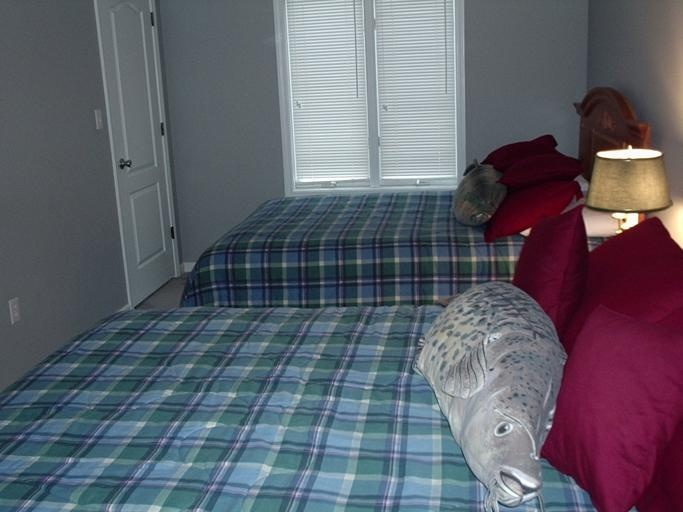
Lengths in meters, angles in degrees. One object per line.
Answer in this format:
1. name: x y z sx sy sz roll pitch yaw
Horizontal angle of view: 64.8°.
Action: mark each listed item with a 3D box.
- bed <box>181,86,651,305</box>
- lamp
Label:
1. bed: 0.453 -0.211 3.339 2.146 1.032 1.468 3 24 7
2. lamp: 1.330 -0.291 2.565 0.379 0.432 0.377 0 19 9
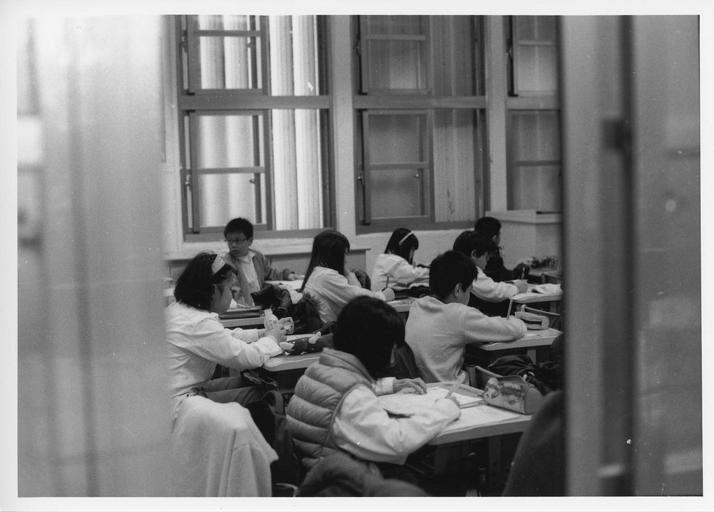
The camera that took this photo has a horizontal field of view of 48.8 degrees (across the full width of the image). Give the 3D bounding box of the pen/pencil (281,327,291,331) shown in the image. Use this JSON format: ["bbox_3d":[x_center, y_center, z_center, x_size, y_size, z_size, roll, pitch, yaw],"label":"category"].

→ **AIM OF THE EXERCISE**:
What you write must match, line for line, the records from the line containing "Horizontal angle of view: 64.8°." through the last line, with every picture left out.

→ **FINISHED TASK**:
Horizontal angle of view: 64.8°.
Action: mark each listed item with a 3D box.
- bed <box>181,86,651,305</box>
- lamp
Label:
1. bed: 0.453 -0.211 3.339 2.146 1.032 1.468 3 24 7
2. lamp: 1.330 -0.291 2.565 0.379 0.432 0.377 0 19 9
The camera that took this photo has a horizontal field of view of 48.8 degrees (across the full width of the image). Give the 3D bounding box of the pen/pencil (281,327,291,331) shown in the image. Use this JSON format: ["bbox_3d":[x_center, y_center, z_center, x_size, y_size, z_size, roll, pitch, yaw],"label":"category"].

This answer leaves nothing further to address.